Между тем место, которое занимал на почте глупый, сделалось вакантным; тотчас же на него сел другой такой же чиновник, отличавшийся чрезвычайно длинными усами и необыкновенно грязными манжетами. А сам он был отнесен на руках сослуживцев (из видов экономии) сначала в церковь, а потом на кладбище. Он лежал в гробу, длинный и сухой, в мундире своего ведомства, и постепенно разрушался, в то время как его бессмертное начало, которое было призвано в этом мире штемпелевать конверты и пересчитывать деньги, находилось неизвестно где. С этого момента дальнейшие факты его земного существования сосредоточились вокруг его могилы, где внутри совершался ужасный процесс распадения на составные части того, что некогда с такою ловкостью резало огромными ножницами почтовые квитанции и неумолкаемо стучало штемпелем, — а снаружи возвышался маленький бугорок красной глины со вкопанным в нее благодушным деревянным крестиком, который, казалось, хотел сказать: Слава Богу, теперь все кончено! стоит ли вспоминать о миновавших столь счастливо страданиях?

А время летело. Купол кладбищенской колокольни перекрасили из белого в темно-синий цвет с блестящими золотыми звездами. Весною оттаивали дорожки и проваливались могилы. Осенью ветер шумел в кустах и опрокидывал подгнившие кресты; целая гора их лежала за избушкой, где обитал кладбищенский сторож с больною женой и целой кучей ребятишек, которых он бесплатно хоронил у самой ограды. В зимнее время ветер наметал на кресты и памятники сугробы снега, и все казалось особенно фантастическим. Сторож в красном шарфе и нагольном тулупе бродил между сугробами и оступался в провалившиеся с весны могилы; под мышкой у него теперь редко торчала лопата — чаше железный лом. Ночью башенный колокол угрюмо и монотонно гудел свою вечную гамму, далеко разнося ее по окрестным полям, одетым однообразною пеленою снега.

А годы бежали. Благодушный деревянный крестик почернел и в одно прекрасное время — как нарочно, при самой тихой погоде — вдруг упал. Проходивший мимо сторож нисколько не удивился: он уже заметил, что кресты часто падают при самой тихой погоде. Он молчи взвалил его на плечо, как свою законную добычу, и потом швырнул в общую груду, а вечером испек на нем себе превосходную картошку, так как время было осеннее.

Скоро безыменная могилка стала незаметно врастать в землю. Сначала прохожие с кутьей и полубутылкой водки через нее перелезали, потом просто переходили; наконец, через нее прошла дорожка с нечувствительным возвышением.

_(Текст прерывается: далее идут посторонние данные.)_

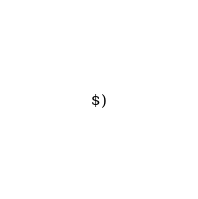Convert code to text. <code><loc_0><loc_0><loc_500><loc_500><_ObjectiveC_>$)
</code> 
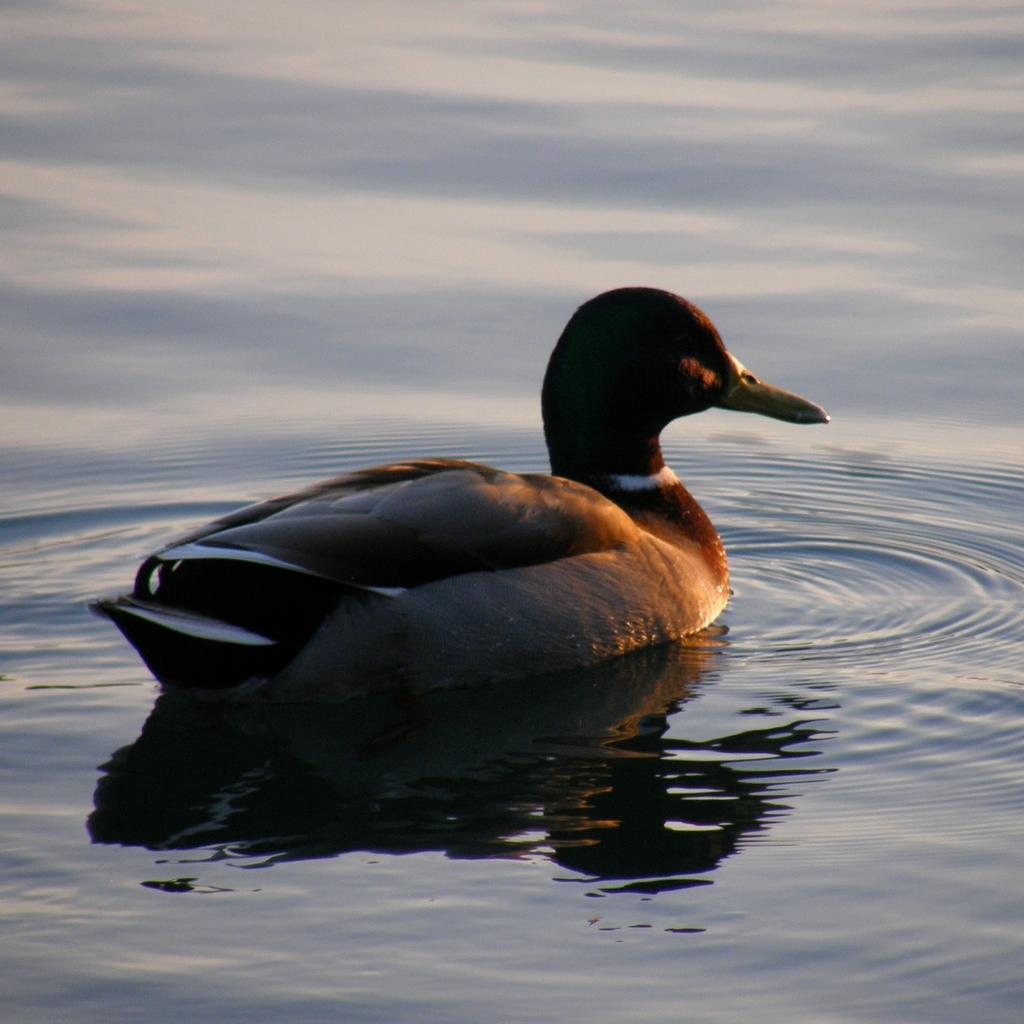What type of animal is in the image? There is an aquatic bird in the image. Where is the bird located in the image? The bird is in the water. What type of plantation can be seen in the background of the image? There is no plantation present in the image; it features an aquatic bird in the water. How many snakes are visible in the image? There are no snakes present in the image; it features an aquatic bird in the water. 
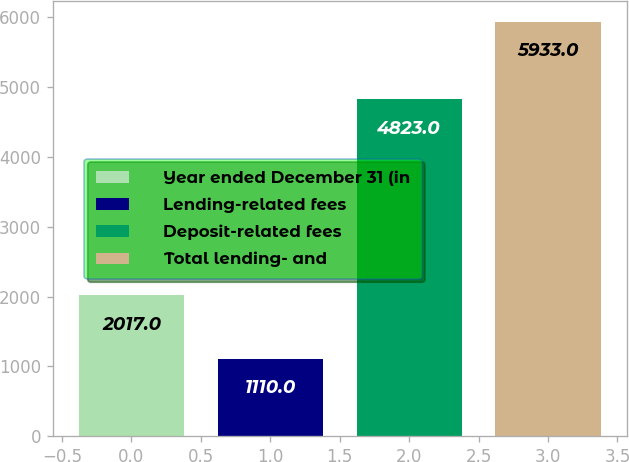<chart> <loc_0><loc_0><loc_500><loc_500><bar_chart><fcel>Year ended December 31 (in<fcel>Lending-related fees<fcel>Deposit-related fees<fcel>Total lending- and<nl><fcel>2017<fcel>1110<fcel>4823<fcel>5933<nl></chart>

А годы летели. Кладбище разрасталось. Аристократические разряды, окружавшие церковь, были набиты битком дубовыми и металлическими гробами, полными брюссельских кружев, белых и палевых роз и трухлявых костей. Теперь траурные процессии с роскошными, украшенными страусовыми перьями, катафалками и солидными, завинчивающимися гробами должны были продвигаться дальше и карабкаться через могилы, при чем дамы в траурных вуалях оставляли свои калоши в мокрой, разъезжающейся под ногами глине, а кавалеры в котелках и с высокими воротничками спешили их разыскивать и надевать на ножки, крохотные и затянутые в полусапожки из лучшего магазина. Это было в общем веселее, чем прежде. В одно прекрасное время все место, где пролегала дорожка с незначительным возвышением, было куплено и загорожено высокой проволочной оградой.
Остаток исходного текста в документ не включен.